The Geelong Keys were a set of five keys discovered in 1847 at Limeburners Point, on the southern shore of Corio Bay, near Geelong, Victoria, Australia. Charles La Trobe, Superintendent of the Port Phillip District and a keen amateur geologist, was examining marine deposits revealed by excavations associated with lime production in the area. [1] A worker showed him two of a set of five keys he claimed to have found the day before, in a layer of shells 15 feet (4.6 m) down an excavation for a lime kiln, which was about 40 feet (12 m) from the shoreline. La Trobe was fascinated by the find and believed, from their appearance, that the keys were between 100 and 150 years old (~1700-1750 AD).
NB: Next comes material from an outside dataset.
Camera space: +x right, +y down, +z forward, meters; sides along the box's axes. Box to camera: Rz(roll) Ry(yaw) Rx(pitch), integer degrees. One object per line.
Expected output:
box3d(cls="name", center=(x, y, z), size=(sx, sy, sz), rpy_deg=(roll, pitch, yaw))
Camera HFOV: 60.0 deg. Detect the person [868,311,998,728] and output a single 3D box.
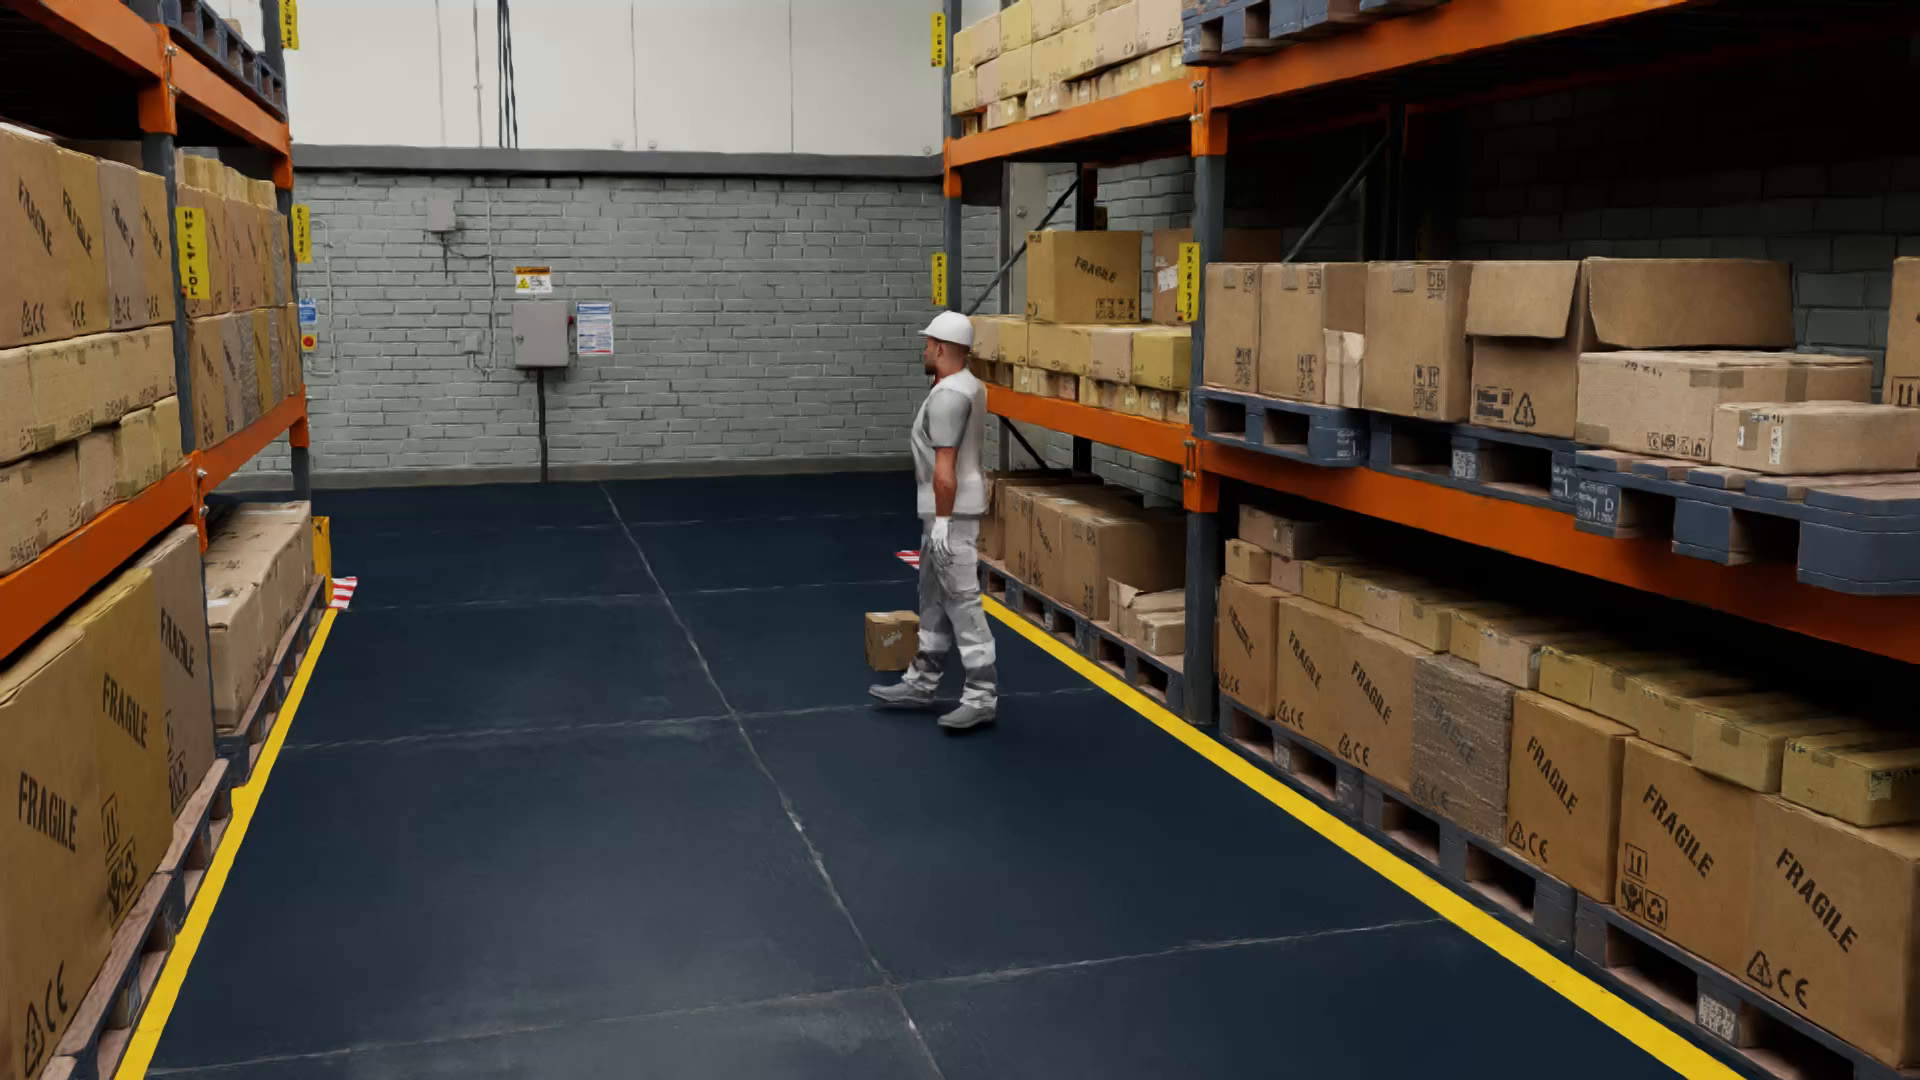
box3d(cls="person", center=(-0.124, -0.110, 7.330), size=(0.610, 1.783, 0.755), rpy_deg=(1, 9, 5))

Since the 1802 expedition of Matthew Flinders is the earliest proven European presence in the vicinity, writer Kenneth McIntyre has suggested the keys may have originated with some earlier European explorers of the region, possibly the Portuguese. [2] McIntyre has connected the discovery of the Geelong Keys with the presence of the so-called Mahogany Ship, further west on Victoria's Shipwreck Coast, claiming that it could be another possible relic of early Portuguese exploration.
The editor of the Geelong Advertiser at the time, James Harrison, noted that metal objects were often embedded in new diggings to detect the leaching of payable metal. For instance, a copper oxide coating on the keys would suggest the presence of copper. Ronald Gunn, a friend of La Trobe, told the Royal Society of Victoria in September 1849 that he had gone to Geelong to investigate the discovery. On questioning the limeburner he found that the keys had not, in fact, been dug out of the shell layer but were found with shells at the bottom of the pit. It was only assumed that they had fallen from the upper layer. In practice they could have fallen from any layer, including the top of the excavation. [3]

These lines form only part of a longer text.